### DIRECTIONS FOR THIS TASK
Within these records, how many lines hold "query"? Give the number alone.

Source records
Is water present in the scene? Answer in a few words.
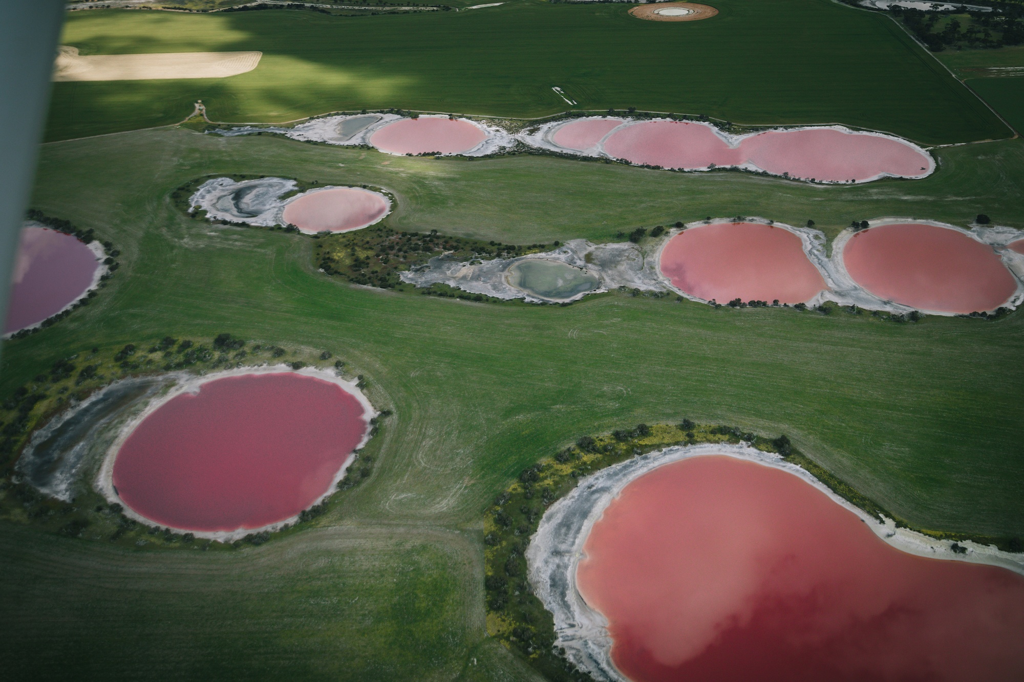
Yes
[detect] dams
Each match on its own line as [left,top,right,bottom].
[626,0,719,23]
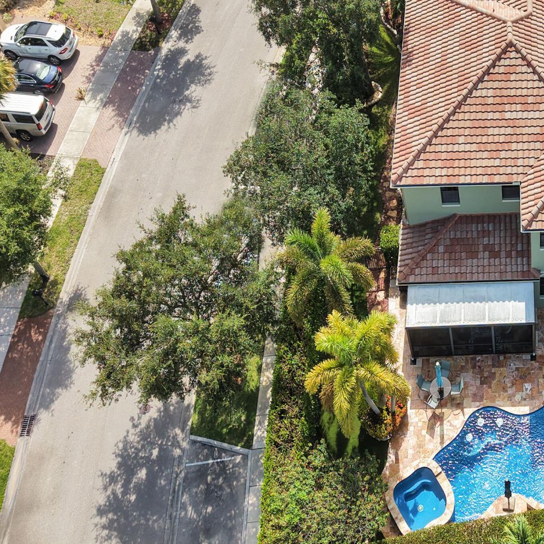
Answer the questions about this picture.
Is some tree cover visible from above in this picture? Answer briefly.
Yes
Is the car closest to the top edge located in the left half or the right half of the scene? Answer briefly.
left
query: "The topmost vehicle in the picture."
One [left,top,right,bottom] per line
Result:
[0,19,80,62]
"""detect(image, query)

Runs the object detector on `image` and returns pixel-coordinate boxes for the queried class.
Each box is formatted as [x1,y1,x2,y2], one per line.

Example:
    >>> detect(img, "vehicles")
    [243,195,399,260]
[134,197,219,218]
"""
[0,92,54,141]
[0,19,80,62]
[1,54,62,95]
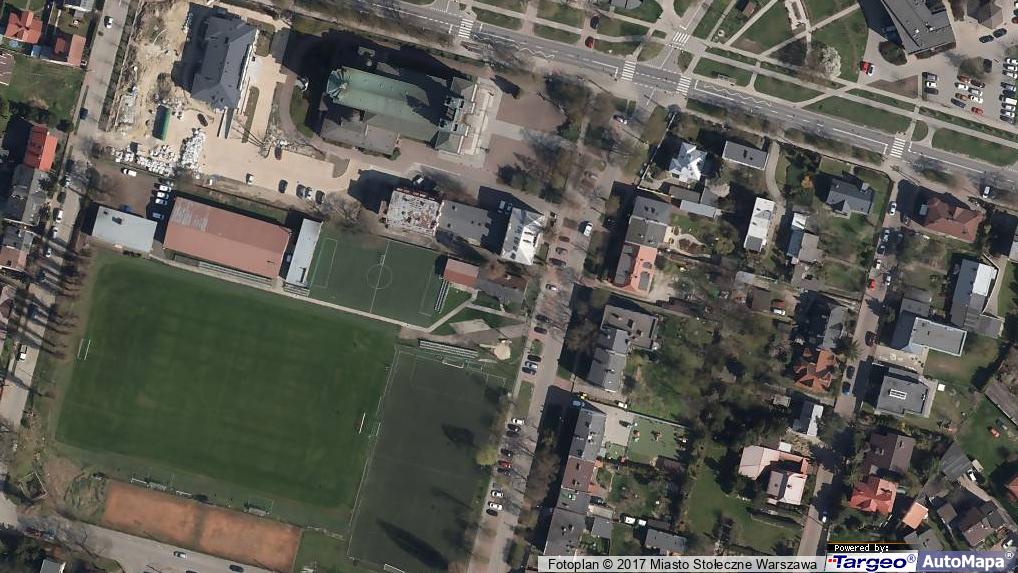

### ANSWER TO THIS TASK
2